State Farm cites AMCO Ins. Co. v. Williams, 850 F.3d 989 (8th Cir. 2017) and Burger v. Allied Prop. & Cas. Ins., 822 F.3d 445 (8th Cir. 2016), to argue that intermediate appellate decisions from a state court are not binding upon a federal court sitting in diversity. But neither AMCO nor Burger contradicts the plain holding of Holden Farms that federal courts sitting in diversity are obligated to follow intermediate appellate courts as to state law issues in the absence of “persuasive data that the highest court of the state would decide otherwise.” Holden Farms, 347 F.3d at 1066. In both AMCO and Burger, the Eighth Circuit refused to follow intermediate Missouri appellate cases because there was a contradictory Missouri Supreme Court case directly on point.
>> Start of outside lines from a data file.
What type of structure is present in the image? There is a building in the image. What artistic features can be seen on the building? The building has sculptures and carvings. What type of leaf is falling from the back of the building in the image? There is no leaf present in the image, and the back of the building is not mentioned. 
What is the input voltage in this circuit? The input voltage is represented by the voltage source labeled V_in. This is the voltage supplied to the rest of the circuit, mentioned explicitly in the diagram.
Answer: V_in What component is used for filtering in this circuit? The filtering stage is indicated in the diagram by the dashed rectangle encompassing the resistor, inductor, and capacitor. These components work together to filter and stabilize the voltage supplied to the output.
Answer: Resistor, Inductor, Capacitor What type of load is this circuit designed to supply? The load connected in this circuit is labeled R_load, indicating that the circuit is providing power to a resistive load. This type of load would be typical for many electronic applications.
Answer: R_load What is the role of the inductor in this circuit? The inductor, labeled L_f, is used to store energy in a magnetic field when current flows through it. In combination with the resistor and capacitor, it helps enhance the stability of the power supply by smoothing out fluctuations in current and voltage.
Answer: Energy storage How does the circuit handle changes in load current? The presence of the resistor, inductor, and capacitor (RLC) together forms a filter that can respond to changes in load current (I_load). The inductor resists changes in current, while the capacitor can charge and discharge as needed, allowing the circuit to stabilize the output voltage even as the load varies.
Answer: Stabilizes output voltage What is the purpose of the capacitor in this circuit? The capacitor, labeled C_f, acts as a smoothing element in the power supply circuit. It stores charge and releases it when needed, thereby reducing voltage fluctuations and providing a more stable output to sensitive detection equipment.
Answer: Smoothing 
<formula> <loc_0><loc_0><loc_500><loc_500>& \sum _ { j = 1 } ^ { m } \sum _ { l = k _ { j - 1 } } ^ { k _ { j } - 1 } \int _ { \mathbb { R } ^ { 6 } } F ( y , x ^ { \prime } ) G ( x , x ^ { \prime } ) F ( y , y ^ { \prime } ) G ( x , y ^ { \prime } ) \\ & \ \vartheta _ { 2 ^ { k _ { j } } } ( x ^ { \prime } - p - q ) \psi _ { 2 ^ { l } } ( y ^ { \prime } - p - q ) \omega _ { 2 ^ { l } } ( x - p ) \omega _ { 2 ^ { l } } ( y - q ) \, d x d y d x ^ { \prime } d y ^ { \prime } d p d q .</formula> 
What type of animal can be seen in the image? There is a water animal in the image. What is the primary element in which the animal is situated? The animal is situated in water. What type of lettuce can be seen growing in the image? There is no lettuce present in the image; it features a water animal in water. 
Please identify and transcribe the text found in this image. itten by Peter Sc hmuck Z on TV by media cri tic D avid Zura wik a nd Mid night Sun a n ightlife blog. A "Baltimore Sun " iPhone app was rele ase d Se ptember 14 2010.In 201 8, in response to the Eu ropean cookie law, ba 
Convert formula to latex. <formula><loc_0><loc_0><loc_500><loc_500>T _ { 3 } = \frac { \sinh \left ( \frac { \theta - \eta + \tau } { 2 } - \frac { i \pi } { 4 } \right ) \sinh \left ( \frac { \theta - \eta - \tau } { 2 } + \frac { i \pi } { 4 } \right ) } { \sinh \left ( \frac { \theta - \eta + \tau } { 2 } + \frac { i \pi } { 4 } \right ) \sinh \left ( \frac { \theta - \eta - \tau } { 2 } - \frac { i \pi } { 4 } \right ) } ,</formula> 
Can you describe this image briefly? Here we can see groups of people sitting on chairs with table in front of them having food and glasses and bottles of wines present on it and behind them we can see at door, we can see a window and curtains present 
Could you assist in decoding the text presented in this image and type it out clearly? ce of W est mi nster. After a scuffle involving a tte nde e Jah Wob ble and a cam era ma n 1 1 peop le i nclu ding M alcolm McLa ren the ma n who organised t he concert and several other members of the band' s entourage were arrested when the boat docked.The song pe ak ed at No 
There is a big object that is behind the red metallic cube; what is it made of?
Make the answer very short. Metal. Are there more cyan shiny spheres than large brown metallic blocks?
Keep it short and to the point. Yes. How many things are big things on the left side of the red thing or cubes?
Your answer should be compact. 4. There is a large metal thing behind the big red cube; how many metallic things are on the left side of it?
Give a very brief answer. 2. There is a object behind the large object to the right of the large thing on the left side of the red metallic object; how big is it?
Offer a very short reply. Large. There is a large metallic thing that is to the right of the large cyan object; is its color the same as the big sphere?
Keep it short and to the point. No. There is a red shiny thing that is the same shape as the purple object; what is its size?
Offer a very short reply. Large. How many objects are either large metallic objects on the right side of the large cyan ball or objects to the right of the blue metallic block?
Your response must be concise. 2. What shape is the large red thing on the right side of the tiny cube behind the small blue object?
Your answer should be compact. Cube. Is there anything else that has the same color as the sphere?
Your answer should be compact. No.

See AMCO, 850 F.3d at 996 (“Although ‘[d]ecisions by the Missouri Court of Appeals may be used as an indication of how the Missouri Supreme Court may rule, this court is “not bound to follow these decisions.' Rather, this court is ‘bound by the decisions of the Missouri Supreme Court regarding issues of substantive state law.'” (quoting Burger, 822 F.3d at 447; Owners Ins. Co. v. Hughes, 712 F.3d 392, 393 (8th Cir. 2013)); Burger, 822 F.3d at 451 n.2 (“To the extent the Missouri Court of Appeals reached a contrary conclusion when examining a policy similar to Allied's . . ., we note that we are bound not by this decision of a state intermediate appellate court but by Rodriguez, an on-point decision of the state supreme court.”). Here, State Farm does not suggest that there is any persuasive data that the Missouri Supreme Court would decide the issue now before the Court differently than did the Franklin court.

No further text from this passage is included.